5. methods to avoid and solve the problem Riple

  1. When an incremental data transmission error occurs, you need to identify whether it is a sequence (2) or a sequence (3) Error type, and sequence (2) is an error type with the "predicted" data characteristics, very rare. Riple
  2. An incorrect circuit is a processing method for cross-clock domain data capture. It is practical and standard in cross-clock domain processing, although the first layer of data is saved to a certain extent, it is sensitive to glitch. Riple
  3. The modified circuit protects burr-sensitive data by increasing the sampling clock frequency and shortening the data storage time. The cost is to increase a layer of data storage. Riple
  4. The correctness of the circuit used to filter out glitches remains to be discussed. Although it is very effective in application, it is suspected that it violates the cross-clock domain processing method. Riple
  5. The glitch filter circuit is mainly used to filter out the diow-signal falling edge glitch, which has no effect on the rising edge Burr. The rising edge burr does not cause data errors in this circuit. Riple 
  6. When using this glitch filter circuit, you must consider the proportional relationship between the level length of the filtered signal and the synchronization clock period. In this example, if the 20 NS clock is used for filtering, the high level of the diow-signal 25ns is filtered out. If the 6.67ns clock is used, only the length less than 13.3 ~ is filtered out ~ 20 ns high level signal, diow-normal operation of 25 ns high level is safe. Riple
  7. This glitch should not occur on the hard disk ide interface, which may be caused by external circuit design problems. In the circuit where the problem occurs, three media are used from the IDE interface of the motherboard to the FPGA: 80-line ide cable, PCB for switching, and 40-line cable. In normal applications, from the main board ide interface to FPGA, only 80-line ide cabling is required. Riple 
  8. Using signals transmitted from other chips (through complex external circuits) as the clock and using the hop edges as the trigger signals is risky, the impact of error triggering caused by glitch needs to be considered. Riple


Contact Us

The content source of this page is from Internet, which doesn't represent Alibaba Cloud's opinion; products and services mentioned on that page don't have any relationship with Alibaba Cloud. If the content of the page makes you feel confusing, please write us an email, we will handle the problem within 5 days after receiving your email.

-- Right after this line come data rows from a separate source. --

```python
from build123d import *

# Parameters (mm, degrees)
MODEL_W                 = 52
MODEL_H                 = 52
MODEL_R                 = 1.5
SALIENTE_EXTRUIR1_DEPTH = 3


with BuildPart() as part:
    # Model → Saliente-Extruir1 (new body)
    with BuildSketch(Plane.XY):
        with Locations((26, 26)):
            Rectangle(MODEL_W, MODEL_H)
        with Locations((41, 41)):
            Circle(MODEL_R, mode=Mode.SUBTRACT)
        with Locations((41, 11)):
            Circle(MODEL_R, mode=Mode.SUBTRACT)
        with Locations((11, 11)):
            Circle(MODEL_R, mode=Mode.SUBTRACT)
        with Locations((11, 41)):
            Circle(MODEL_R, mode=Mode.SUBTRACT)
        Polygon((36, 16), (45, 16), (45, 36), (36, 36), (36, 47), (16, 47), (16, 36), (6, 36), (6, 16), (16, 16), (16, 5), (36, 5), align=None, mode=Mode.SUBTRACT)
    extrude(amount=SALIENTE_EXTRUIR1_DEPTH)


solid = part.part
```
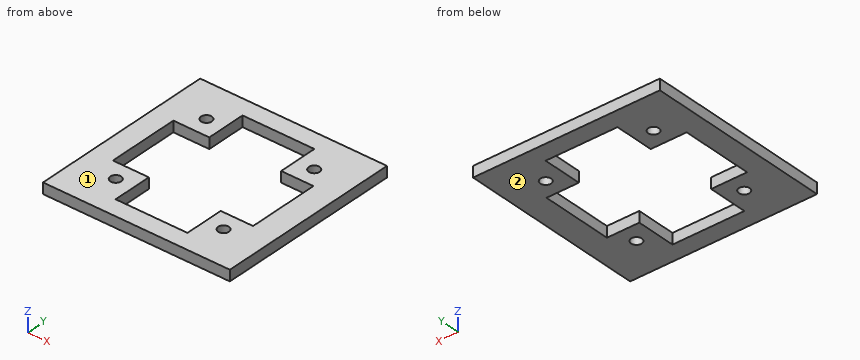
Can you work these out from the model? Positions are in its coordinate system, mm. Face numbers are marked on the shaded views. Round coordinates to 2 decimals unless told otherwise and drop trailing zeros. Loops run counter-clockwise (first coordinate to the right, second up) from the corner with the lowest first, then second, coordinate; pieces in that order, holes last. Notation, with made-up numbers: M 87.25,9.5 L 98.25,9.5 A28 ccw 98.25,38.5 Z; hole C -4.75,5 d11. An arc over 180 degrees is marked long. Answer as a JSON object with one key per item and string values. Group by question number.
Q1. Imagine slicing it at A-A, the plane y = 34. Please give me the cut outline in (x, z).
Q2. Imagine slicing it at C-C, the plane z = 0.5. Please give me the cut outline in (x, y).
Q3. Imagine slicing it at B-B, the plane x = 7.5. Please give me the cut outline in (y, z).
Q4. Imagine slicing it at D-D, the plane y = 11. Please give me the cut outline in (x, z), then the cut area to 3 significant figures.
Q5. We'd pull the mould along Z, two halves only. Please class the marked faces 1 and 2: +Z half, -Z half, draft (parallel to the pull), parting line (faces both ways), or undercut.
Q6. Please list where these lines run through material, in increasing order: L1, parallel to Y at x = 41, z = 1.5; L2, parallel to X at y = 10.5, z = 1.25; L3, parallel to Y at x = 18, z = 0.65.
Findings:
{
 "1": {"outline": "M 0,0 L 6,0 L 6,3 L 0,3 Z; M 45,0 L 52,0 L 52,3 L 45,3 Z"},
 "2": {"outline": "M 0,0 L 52,0 L 52,52 L 0,52 Z; hole M 6,16 L 16,16 L 16,5 L 36,5 L 36,16 L 45,16 L 45,36 L 36,36 L 36,47 L 16,47 L 16,36 L 6,36 Z; hole C 11,11 d3; hole C 11,41 d3; hole C 41,11 d3; hole C 41,41 d3"},
 "3": {"outline": "M 0,0 L 16,0 L 16,3 L 0,3 Z; M 36,0 L 52,0 L 52,3 L 36,3 Z"},
 "4": {"outline": "M 0,0 L 9.5,0 L 9.5,3 L 0,3 Z; M 12.5,0 L 16,0 L 16,3 L 12.5,3 Z; M 36,0 L 39.5,0 L 39.5,3 L 36,3 Z; M 42.5,0 L 52,0 L 52,3 L 42.5,3 Z", "area": "78.0 mm2"},
 "5": {"face 1": "+Z half", "face 2": "-Z half"},
 "6": {"L1": "y = 0 to 9.5, 12.5 to 16, 36 to 39.5, 42.5 to 52", "L2": "x = 0 to 9.59, 12.41 to 16, 36 to 39.59, 42.41 to 52", "L3": "y = 0 to 5, 47 to 52"}
}
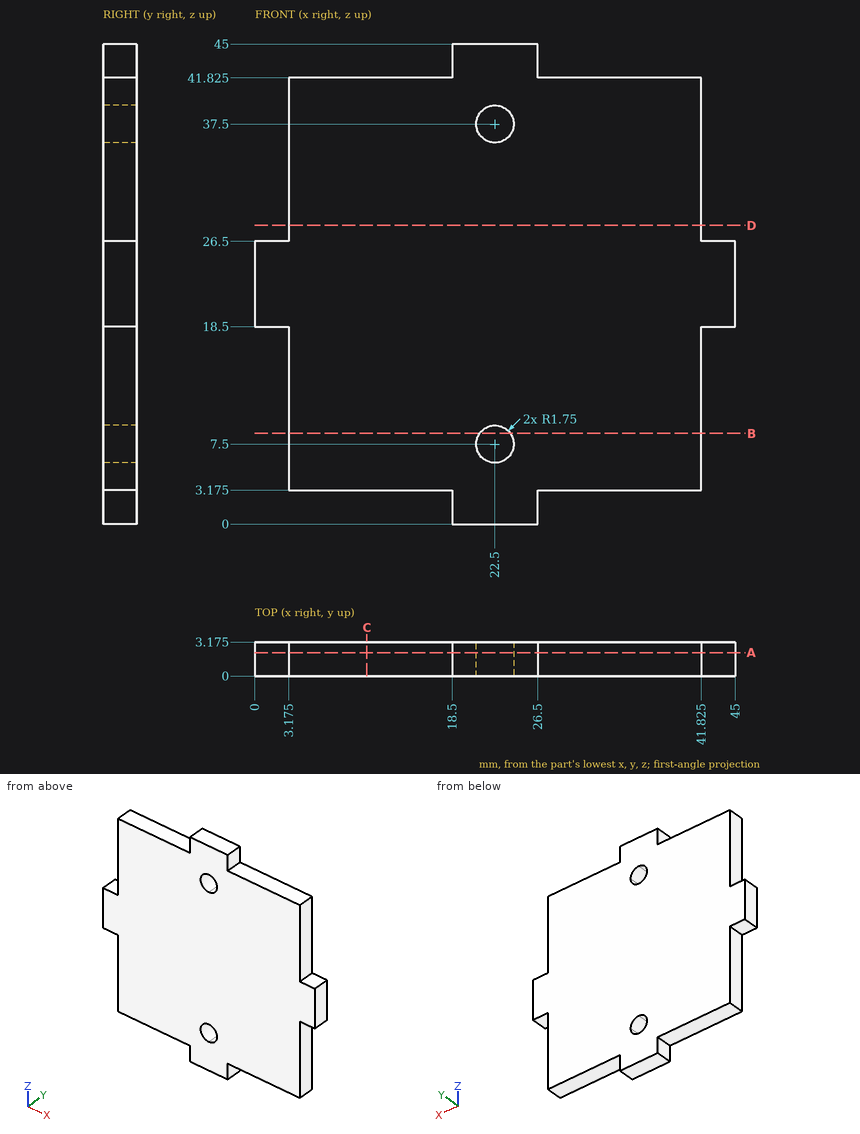
Drawing for the job (mm, zero at the part's lowest x, y, z). Give positions to 0.01 mm unless a question says otherwise; leave off trailing zeros. Order: outer loops, then holes, each group sorted by start corner. A loop starts at its lowest first (then second) coordinate and runs counter-clockwise, first axis right, second up. Notation, with made-up numbers: M 10,14 L 35,14 A20 cw 35,33 Z; hole C 26,53.25 d10. An arc over 180 degrees is marked long. Put each result on its own line as item: value. Start each with the question number.
(1) Drill centre lines: line 1 along Z through (x, y) = (23.5, 2.95); line 2 along X through (y, z) = (0.75, 37.5) (3 decimals); line 3 along Z through (x, y) = (35, 2.9) (3 decimals). Where is each one in solid material? Low to high.
(2) Flat gauge pins, fed straight in: pin 1 Ø1 at (x, y) = (1.5, 1.5) entering from +Z; pin 2 Ø1.6 at (x, y) = (9, 1.5) entering from +Z (3 decimals); pin 3 Ø1 at (y, z) = (1.5, 10) entering from -X (3 decimals). Where does each tip first touch, or does it go through?
(3) Saw through at D-D, the plane z = 28. Write the cut outline in (x, y) (3 decimals).
(4) Saw through at A-A, the plane y = 2.2. Write the cut outline in (x, z) (3 decimals).
(5) Saw through at C-C, the plane x = 10.5. Write the cut outline in (y, z) (3 decimals).
(6) Saw through at B-B, the plane z = 8.5. Write the cut outline in (x, y) (3 decimals), then the cut area to 3 significant figures.
Check result:
1. line 1: z = 0 to 6.06, 8.94 to 36.06, 38.94 to 45
1. line 2: x = 3.175 to 20.75, 24.25 to 41.825
1. line 3: z = 3.175 to 41.825
2. pin 1: stops at z = 26.5
2. pin 2: stops at z = 41.825
2. pin 3: stops at x = 3.175
3. outline: M 3.175,0 L 41.825,0 L 41.825,3.175 L 3.175,3.175 Z
4. outline: M 0,18.5 L 3.175,18.5 L 3.175,3.175 L 18.5,3.175 L 18.5,0 L 26.5,0 L 26.5,3.175 L 41.825,3.175 L 41.825,18.5 L 45,18.5 L 45,26.5 L 41.825,26.5 L 41.825,41.825 L 26.5,41.825 L 26.5,45 L 18.5,45 L 18.5,41.825 L 3.175,41.825 L 3.175,26.5 L 0,26.5 Z; hole C 22.5,7.5 d3.5; hole C 22.5,37.5 d3.5
5. outline: M 0,3.175 L 3.175,3.175 L 3.175,41.825 L 0,41.825 Z
6. outline: M 3.175,0 L 21.064,0 L 21.064,3.175 L 3.175,3.175 Z; M 23.936,0 L 41.825,0 L 41.825,3.175 L 23.936,3.175 Z
6. area: 114 mm2
```python
from build123d import *

# Parameters (mm, degrees)
SKETCH3_W           = 25.4
SKETCH3_H           = 12.7
BOSS_EXTRUDE2_DEPTH = 5.842
SKETCH4_W           = 8.466666666
SKETCH4_H           = 5.842
CUT_EXTRUDE1_DEPTH  = 16.35387456
BOSS_EXTRUDE3_DEPTH = 5.842
SKETCH10_R          = 1.27
CUT_EXTRUDE8_DEPTH  = 7.62
SKETCH12_R          = 1.27
CUT_EXTRUDE9_DEPTH  = 7.62
CUT_EXTRUDE10_DEPTH = 7.62


with BuildPart() as part:
    # Sketch3 → Boss-Extrude2 (new body)
    with BuildSketch(Plane.XY):
        Rectangle(SKETCH3_W, SKETCH3_H)
    extrude(amount=BOSS_EXTRUDE2_DEPTH)

    # Sketch4 → Cut-Extrude1 (cut, through all)
    with BuildSketch(Plane.XY.offset(5.842)):
        with Locations((0, -3.429)):
            Rectangle(SKETCH4_W, SKETCH4_H)
    extrude(amount=-CUT_EXTRUDE1_DEPTH, mode=Mode.SUBTRACT)

    # Sketch5 → Boss-Extrude3 (add)
    with BuildSketch(Plane.XY.offset(5.842)):
        with BuildLine():
            Line((0, 44.45), (27.164431218, 44.45))
            add(Edge.make_bspline(
                [(12.7, 6.35), (11.748773867, 28.101932144), (27.164431218, 44.45)],
                knots=[0, 0, 0, 1, 1, 1], degree=2))
            Line((12.7, 6.35), (-12.7, 6.35))
            add(Edge.make_bspline(
                [(-12.7, 6.35), (-10.61981434, 26.757908534), (0, 44.45)],
                knots=[0, 0, 0, 1, 1, 1], degree=2))
        make_face()
    extrude(amount=-BOSS_EXTRUDE3_DEPTH)

    # Sketch10 → Cut-Extrude8 (cut)
    with BuildSketch(Plane.XY.offset(5.842)):
        with Locations((7.264189007, 6.800526763)):
            Circle(SKETCH10_R)
    extrude(amount=-CUT_EXTRUDE8_DEPTH, mode=Mode.SUBTRACT)

    # Sketch12 → Cut-Extrude9 (cut)
    with BuildSketch(Plane.XY.offset(5.842)):
        with Locations((5.572598549, 28.091285842)):
            Circle(SKETCH12_R)
        with Locations((6.546271927, 21.532393633)):
            Circle(SKETCH12_R)
        with Locations((7.173302087, 13.821975993)):
            Circle(SKETCH12_R)
        with Locations((2.529205303, 40.659348041)):
            Circle(SKETCH12_R)
        with Locations((4.243902878, 34.397725849)):
            Circle(SKETCH12_R)
    extrude(amount=-CUT_EXTRUDE9_DEPTH, mode=Mode.SUBTRACT)

    # Sketch13 → Cut-Extrude10 (cut)
    with BuildSketch(Plane.XY.offset(5.842)):
        Polygon((-2.774085904, 26.946129085), (-7.675131543, 7.341946529), (1.582399109, 7.341946529), align=None)
        Polygon((10.172842992, 40.693017541), (12.474681541, 30.334744073), (19.066310112, 40.693017541), align=None)
    extrude(amount=-CUT_EXTRUDE10_DEPTH, mode=Mode.SUBTRACT)


solid = part.part
```
Source: CAD feature listing. Evaluate the final solid. Frame: model axes, mm. A direction names the side the tool comes from. Round coordinates to 2 decimals unless told otherwise and drop trailing zeros. Use CSV: the item, a comma, the result in double quotes.
Q1. Ray query, line 1 along Y through (x, z) = (6.5, 3.05); line 2 along X through (y, z) = (2.5, 3.2); line 3 along X through (y, z) = (22, 1). Return the intervals inside material, ascending.
Reported:
line 1,"-6.35 to 5.79, 7.81 to 12.75, 14.9 to 20.26, 22.8 to 27.22, 28.96 to 44.45"
line 2,"-12.7 to 12.7"
line 3,"-9.74 to -4.01, -1.67 to 5.37, 7.73 to 14.31"
Q2. Reachability of faces 1 (the flat face through (-4.233, -3, 3)), 2 (the flat face through (13, 44.45, 3)), 3 (the flat face through (-5.19, 17.28, 2.96)) from +Z, -Z, +X, -X, +Y, -Y: full face, straight path, thin tool, end or side. Return the list, or none.
Reported:
face 1,"+Z, -Z, -Y"
face 2,"+Z, -Z, +X, -X, +Y"
face 3,"+Z, -Z"
Q3. Pin query (flat end, axial travel): pin 1 Ø3 at (x, z) = (-2.5, 3.5) entering from +Y (3 decimals); pin 2 Ø3 at (y, z) = (-1.5, 2) entering from +X; pin 3 Ø1.8 at (x, z) = (2, 1.5) entering from -Y. Return the tip coordinate at first contact, or that it passes through.
Reported:
pin 1,"y = 42.745"
pin 2,"x = 12.7"
pin 3,"y = -0.51"
Q4. Mould query, pull axis X, two halves, no side actions, for faces 4 (the flat face through (12.7, 0, 3)), 5 (the flat face through (15, 40.693, 3)), 6 (the flat face through (8, -6.35, 3)). Classes: pulls with the +X half, pulls with the -X half, needs draft (parallel to the pull), parting line crosses it, or undercut.
Reported:
face 4,"pulls with the +X half"
face 5,"undercut"
face 6,"needs draft"
Q5. Section query A-A, the plane z = 3.3. Give the number of separate pieces and of enclosed holes in the cut face, then the cut area to 3 significant figures.
Reported:
separate pieces,"1"
enclosed holes,"8"
area,"1,050 mm^2"

If you find any instances of plagiarism from the community, please send an email to: and provide relevant evidence. A staff member will contact you within 5 working days.

A Free Trial That Lets You Build Big!

Start building with 50+ products and up to 12 months usage for Elastic Compute Service

  • Sales Support

    1 on 1 presale consultation

  • After-Sales Support

    24/7 Technical Support 6 Free Tickets per Quarter Faster Response

  • Alibaba Cloud offers highly flexible support services tailored to meet your exact needs.